**BRIEF**
Only lines containing "pattern" belong in the answer, each copied from the entries below.

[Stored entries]
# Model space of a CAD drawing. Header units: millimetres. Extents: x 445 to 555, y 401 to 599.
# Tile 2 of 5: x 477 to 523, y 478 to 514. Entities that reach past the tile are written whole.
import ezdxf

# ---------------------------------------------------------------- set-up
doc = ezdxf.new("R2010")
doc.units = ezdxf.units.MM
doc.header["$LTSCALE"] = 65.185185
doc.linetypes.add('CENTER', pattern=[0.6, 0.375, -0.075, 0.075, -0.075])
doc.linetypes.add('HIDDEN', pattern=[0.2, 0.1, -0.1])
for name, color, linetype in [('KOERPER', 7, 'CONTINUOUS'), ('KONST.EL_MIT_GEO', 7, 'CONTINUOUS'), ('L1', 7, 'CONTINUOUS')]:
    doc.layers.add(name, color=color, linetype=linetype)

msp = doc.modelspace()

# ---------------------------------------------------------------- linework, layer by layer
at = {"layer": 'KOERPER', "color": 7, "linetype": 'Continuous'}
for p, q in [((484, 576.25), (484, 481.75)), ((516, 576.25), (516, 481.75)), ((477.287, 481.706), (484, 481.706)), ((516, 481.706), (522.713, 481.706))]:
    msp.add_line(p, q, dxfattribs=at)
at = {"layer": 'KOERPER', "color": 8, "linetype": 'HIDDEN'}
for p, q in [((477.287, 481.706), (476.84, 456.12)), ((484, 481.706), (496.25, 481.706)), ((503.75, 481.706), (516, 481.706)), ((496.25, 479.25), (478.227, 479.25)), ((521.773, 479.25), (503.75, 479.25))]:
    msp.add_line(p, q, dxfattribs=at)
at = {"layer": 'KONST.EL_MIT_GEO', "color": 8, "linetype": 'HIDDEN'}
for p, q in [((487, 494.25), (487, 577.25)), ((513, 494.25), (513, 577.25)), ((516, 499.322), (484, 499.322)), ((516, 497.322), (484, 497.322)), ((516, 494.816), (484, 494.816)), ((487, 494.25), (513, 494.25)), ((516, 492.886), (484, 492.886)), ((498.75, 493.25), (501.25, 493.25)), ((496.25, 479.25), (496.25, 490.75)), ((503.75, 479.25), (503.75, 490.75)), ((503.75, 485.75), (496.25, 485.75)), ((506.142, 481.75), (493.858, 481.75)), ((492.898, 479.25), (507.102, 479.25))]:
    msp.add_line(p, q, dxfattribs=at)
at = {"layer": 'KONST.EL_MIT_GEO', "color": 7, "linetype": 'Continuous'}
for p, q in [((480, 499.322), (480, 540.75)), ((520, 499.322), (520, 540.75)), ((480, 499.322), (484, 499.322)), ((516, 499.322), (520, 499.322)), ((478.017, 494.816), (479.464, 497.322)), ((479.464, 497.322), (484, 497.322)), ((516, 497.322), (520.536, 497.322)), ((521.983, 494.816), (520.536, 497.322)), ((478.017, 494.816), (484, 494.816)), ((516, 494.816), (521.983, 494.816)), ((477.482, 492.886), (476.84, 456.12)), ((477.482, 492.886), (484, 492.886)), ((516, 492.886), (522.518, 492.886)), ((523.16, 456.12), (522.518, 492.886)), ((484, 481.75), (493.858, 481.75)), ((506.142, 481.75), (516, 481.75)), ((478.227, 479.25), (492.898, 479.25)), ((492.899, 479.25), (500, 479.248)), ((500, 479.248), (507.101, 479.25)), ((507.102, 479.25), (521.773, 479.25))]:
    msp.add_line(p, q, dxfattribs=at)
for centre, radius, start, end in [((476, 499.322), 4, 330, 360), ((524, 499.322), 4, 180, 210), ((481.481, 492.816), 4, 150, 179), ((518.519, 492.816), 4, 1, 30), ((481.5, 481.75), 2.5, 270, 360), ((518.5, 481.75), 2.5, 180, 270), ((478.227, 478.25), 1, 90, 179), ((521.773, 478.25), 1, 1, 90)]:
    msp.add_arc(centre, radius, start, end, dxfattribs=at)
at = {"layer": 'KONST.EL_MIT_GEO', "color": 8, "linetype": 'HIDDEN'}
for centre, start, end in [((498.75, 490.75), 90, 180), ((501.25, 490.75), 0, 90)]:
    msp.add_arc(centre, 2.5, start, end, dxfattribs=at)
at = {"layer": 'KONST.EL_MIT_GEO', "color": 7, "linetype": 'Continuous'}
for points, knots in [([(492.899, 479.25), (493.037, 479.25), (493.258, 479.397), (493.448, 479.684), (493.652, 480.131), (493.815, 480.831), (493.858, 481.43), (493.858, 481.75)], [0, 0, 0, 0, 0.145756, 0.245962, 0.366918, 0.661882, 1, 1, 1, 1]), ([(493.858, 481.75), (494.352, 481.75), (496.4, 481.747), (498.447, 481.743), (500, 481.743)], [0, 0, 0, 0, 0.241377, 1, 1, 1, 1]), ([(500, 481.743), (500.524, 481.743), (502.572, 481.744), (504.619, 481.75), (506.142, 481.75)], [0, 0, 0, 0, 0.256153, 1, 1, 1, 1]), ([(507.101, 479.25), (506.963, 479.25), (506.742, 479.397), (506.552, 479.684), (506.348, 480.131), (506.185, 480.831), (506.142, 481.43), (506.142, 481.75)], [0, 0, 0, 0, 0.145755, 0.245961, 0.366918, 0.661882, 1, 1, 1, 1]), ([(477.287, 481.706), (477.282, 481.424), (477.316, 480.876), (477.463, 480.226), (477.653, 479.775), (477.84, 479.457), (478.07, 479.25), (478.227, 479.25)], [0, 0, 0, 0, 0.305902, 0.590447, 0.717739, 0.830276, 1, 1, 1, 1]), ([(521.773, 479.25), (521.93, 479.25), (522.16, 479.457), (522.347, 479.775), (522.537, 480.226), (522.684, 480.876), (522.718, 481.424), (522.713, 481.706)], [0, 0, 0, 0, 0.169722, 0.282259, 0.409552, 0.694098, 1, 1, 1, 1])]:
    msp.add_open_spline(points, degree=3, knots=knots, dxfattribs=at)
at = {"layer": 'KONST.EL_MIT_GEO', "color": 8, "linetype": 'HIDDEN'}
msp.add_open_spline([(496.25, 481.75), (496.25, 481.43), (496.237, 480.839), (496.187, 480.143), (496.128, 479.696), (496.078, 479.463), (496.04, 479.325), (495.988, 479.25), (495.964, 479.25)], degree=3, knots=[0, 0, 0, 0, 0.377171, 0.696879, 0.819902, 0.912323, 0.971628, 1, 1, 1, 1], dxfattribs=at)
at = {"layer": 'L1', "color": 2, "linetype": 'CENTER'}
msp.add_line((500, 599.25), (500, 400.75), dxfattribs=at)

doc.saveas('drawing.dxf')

**ANSWER SECTION**
doc.linetypes.add('CENTER', pattern=[0.6, 0.375, -0.075, 0.075, -0.075])
doc.linetypes.add('HIDDEN', pattern=[0.2, 0.1, -0.1])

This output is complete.